Depending on whether you are using the sync or async version of the SDK, you can pass an instance of HttpClient
or AsyncHttpClient
respectively, which are Protocol's ensuring that the client has the necessary methods to make API calls.
This allows you to wrap the client with your own custom logic, such as adding custom headers, logging, or error handling, or you can just pass an instance of httpx.Client
or httpx.AsyncClient
directly.
For example, you could specify a header for every request that this sdk makes as follows:
from unkey_py import Unkey
import httpx
http_client = httpx.Client(headers={"x-custom-header": "someValue"})
s = Unkey(client=http_client)
or you could wrap the client with your own custom logic:
from unkey_py import Unkey
from unkey_py.httpclient import AsyncHttpClient
import httpx
class CustomClient(AsyncHttpClient):
client: AsyncHttpClient
def __init__(self, client: AsyncHttpClient):
self.client = client
async def send(
self,
request: httpx.Request,
*,
stream: bool = False,
auth: Union[
httpx._types.AuthTypes, httpx._client.UseClientDefault, None
] = httpx.USE_CLIENT_DEFAULT,
follow_redirects: Union[
bool, httpx._client.UseClientDefault
] = httpx.USE_CLIENT_DEFAULT,
) -> httpx.Response:
request.headers["Client-Level-Header"] = "added by client"

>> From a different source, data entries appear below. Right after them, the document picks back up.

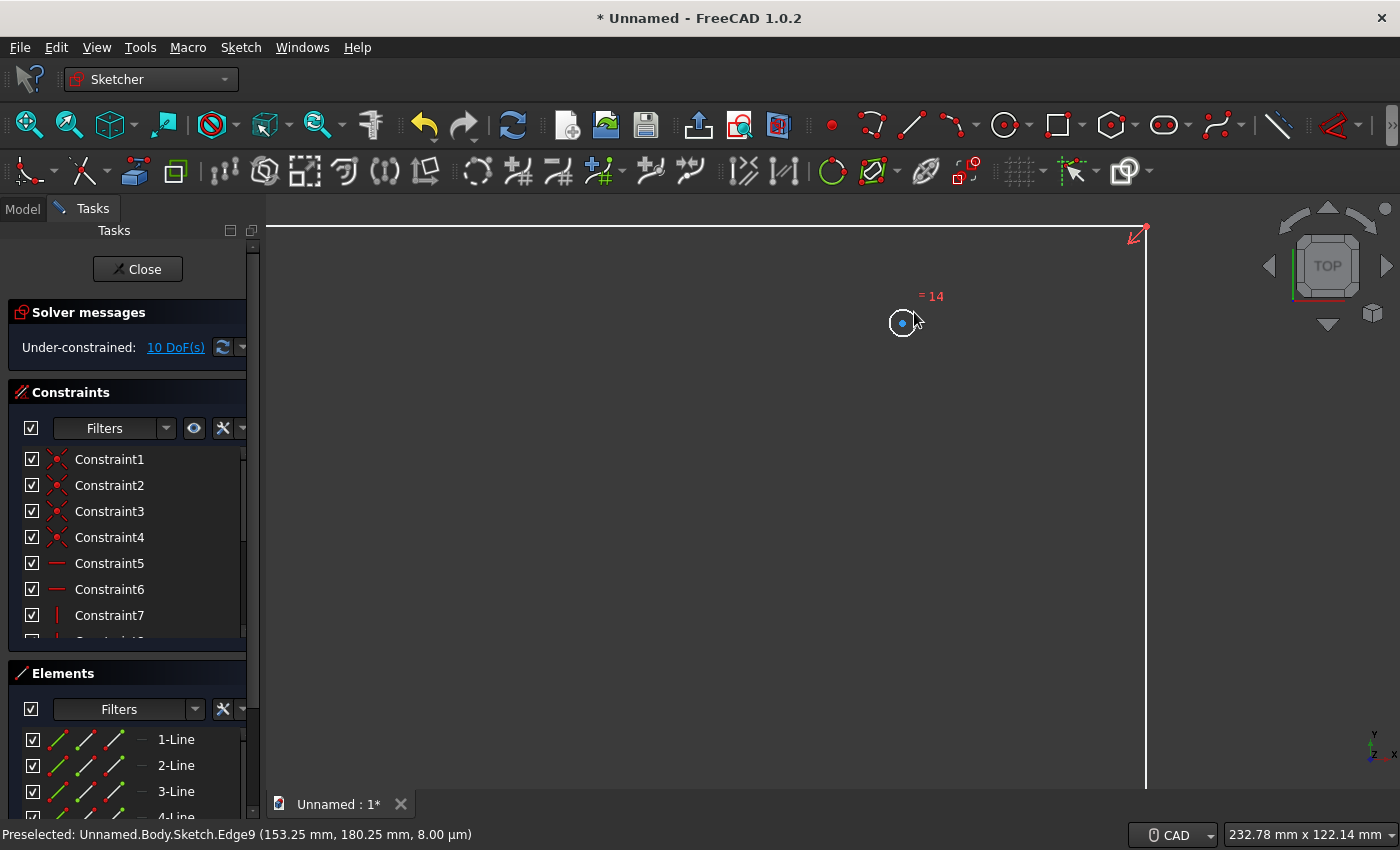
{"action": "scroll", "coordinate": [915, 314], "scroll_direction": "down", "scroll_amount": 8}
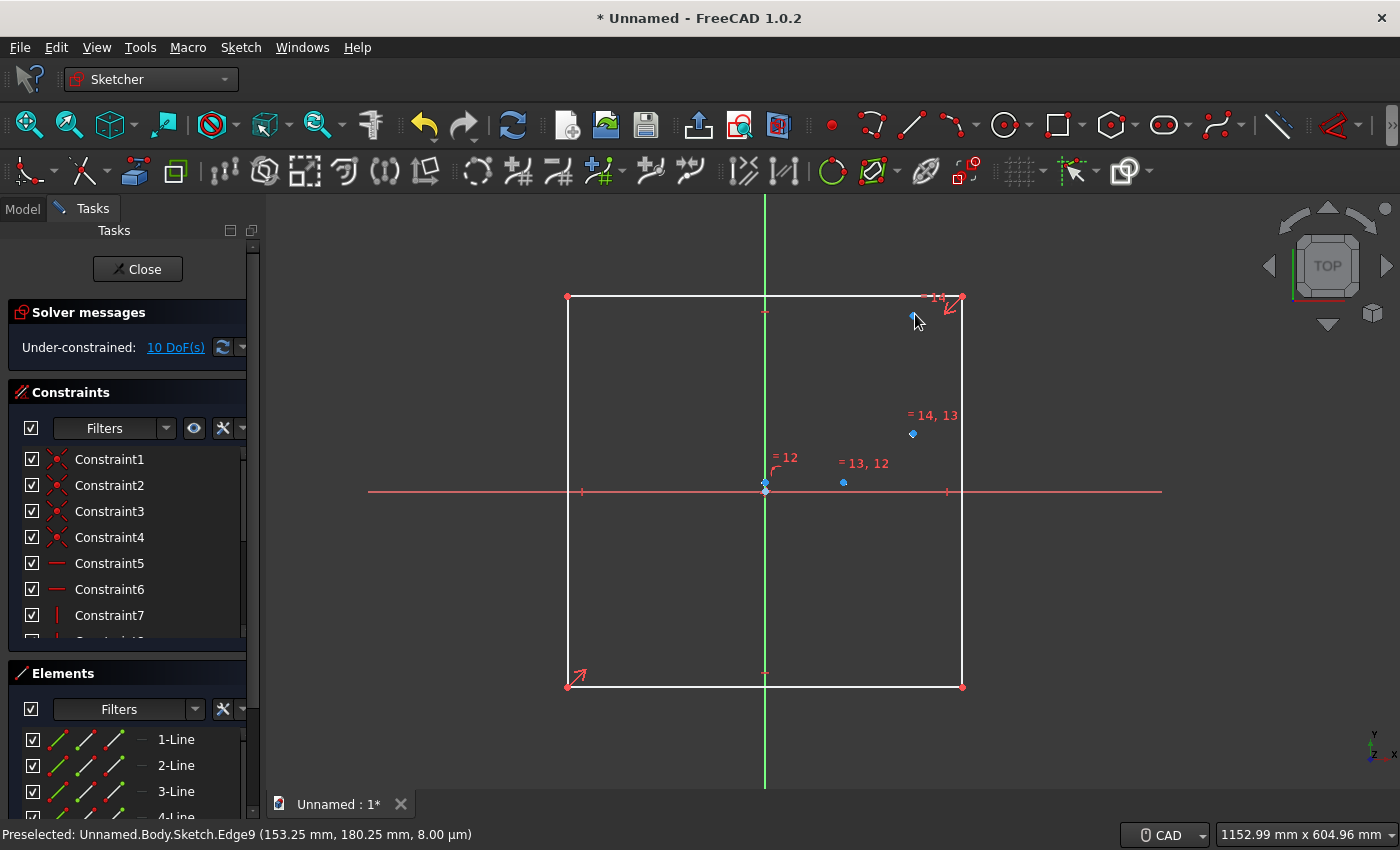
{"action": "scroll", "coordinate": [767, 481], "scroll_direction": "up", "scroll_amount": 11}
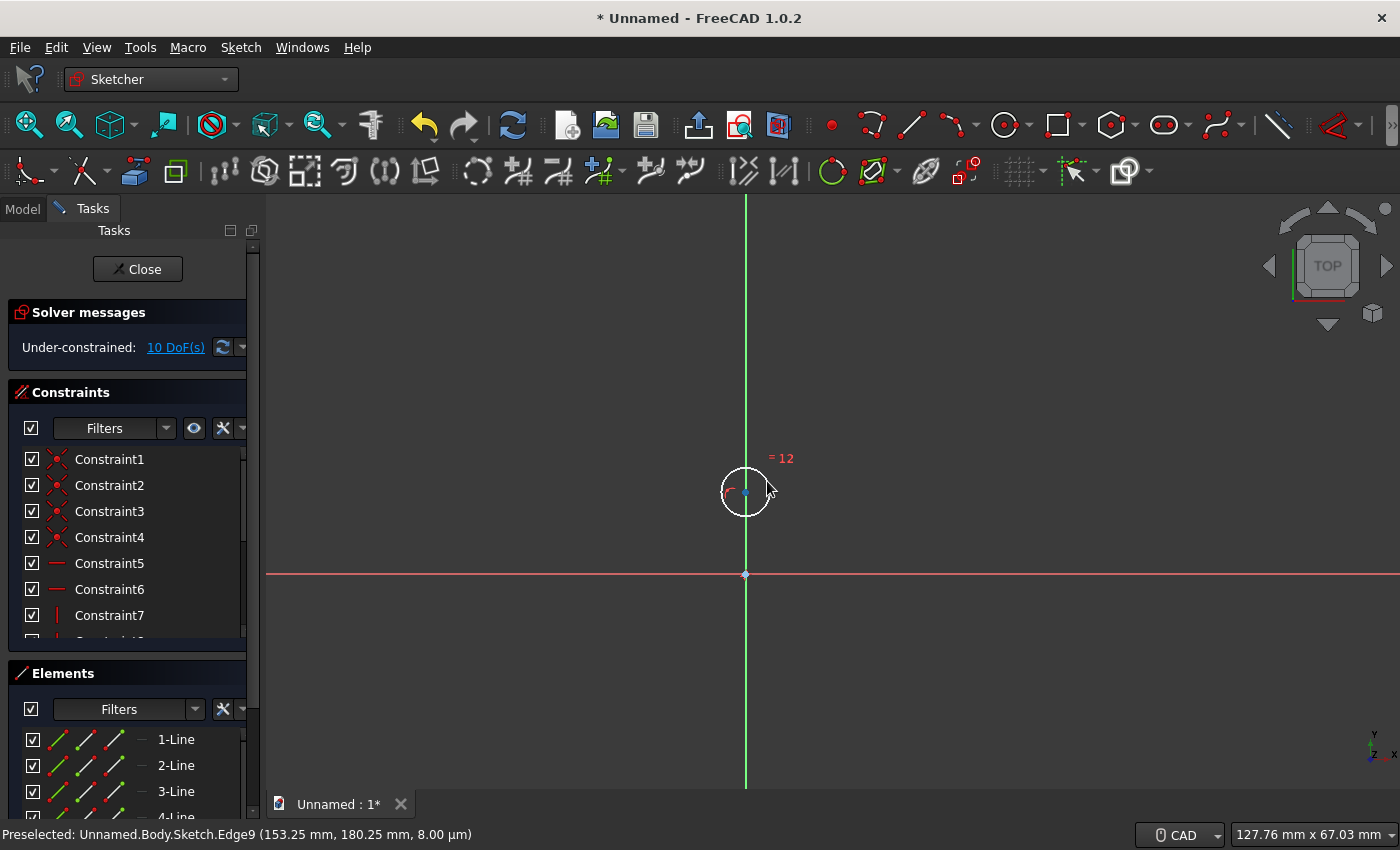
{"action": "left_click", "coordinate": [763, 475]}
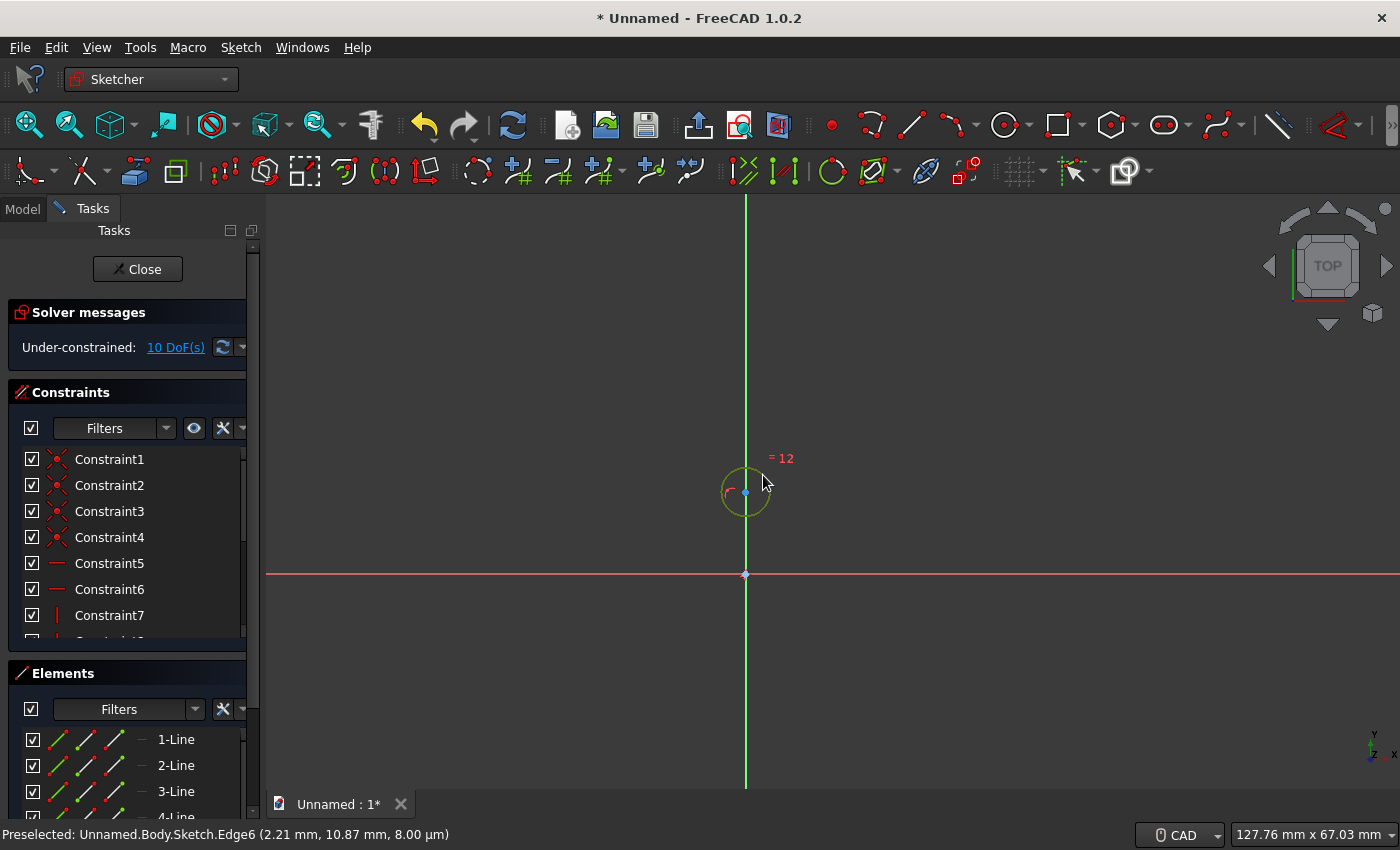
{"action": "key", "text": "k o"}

return await self.client.send(
request, stream=stream, auth=auth, follow_redirects=follow_redirects
)
def build_request(
self,
method: str,
url: httpx._types.URLTypes,
*,
content: Optional[httpx._types.RequestContent] = None,
data: Optional[httpx._types.RequestData] = None,
files: Optional[httpx._types.RequestFiles] = None,
json: Optional[Any] = None,
params: Optional[httpx._types.QueryParamTypes] = None,
headers: Optional[httpx._types.HeaderTypes] = None,
cookies: Optional[httpx._types.CookieTypes] = None,
timeout: Union[
httpx._types.TimeoutTypes, httpx._client.UseClientDefault
] = httpx.USE_CLIENT_DEFAULT,
extensions: Optional[httpx._types.RequestExtensions] = None,
) -> httpx.Request:
return self.client.build_request(
method,
url,
content=content,
data=data,
files=files,
json=json,
params=params,
headers=headers,
cookies=cookies,
timeout=timeout,
extensions=extensions,
)
s = Unkey(async_client=CustomClient(httpx.AsyncClient()))
This SDK supports the following security scheme globally:
Name | Type | Scheme | Environment Variable |
---|---|---|---|
bearer_auth |
http | HTTP Bearer | UNKEY_BEARER_AUTH |
To authenticate with the API the bearer_auth
parameter must be set when initializing the SDK client instance. For example:
from unkey_py import Unkey
with Unkey(
bearer_auth="UNKEY_ROOT_KEY",
) as s:
res = s.liveness.check()
if res.object is not None:
# handle response
pass
You can setup your SDK to emit debug logs for SDK requests and responses.
You can pass your own logger class directly into your SDK.
from unkey_py import Unkey
import logging
logging.basicConfig(level=logging.DEBUG)
s = Unkey(debug_logger=logging.getLogger("unkey_py"))
You can also enable a default debug logger by setting an environment variable UNKEY_DEBUG
to true.
This SDK is in beta, and there may be breaking changes between versions without a major version update. Therefore, we recommend pinning usage to a specific package version. This way, you can install the same version each time without breaking changes unless you are intentionally looking for the latest version.
While we value open-source contributions to this SDK, this library is generated programmatically. Any manual changes added to internal files will be overwritten on the next generation. We look forward to hearing your feedback. Feel free to open a PR or an issue with a proof of concept and we'll do our best to include it in a future release.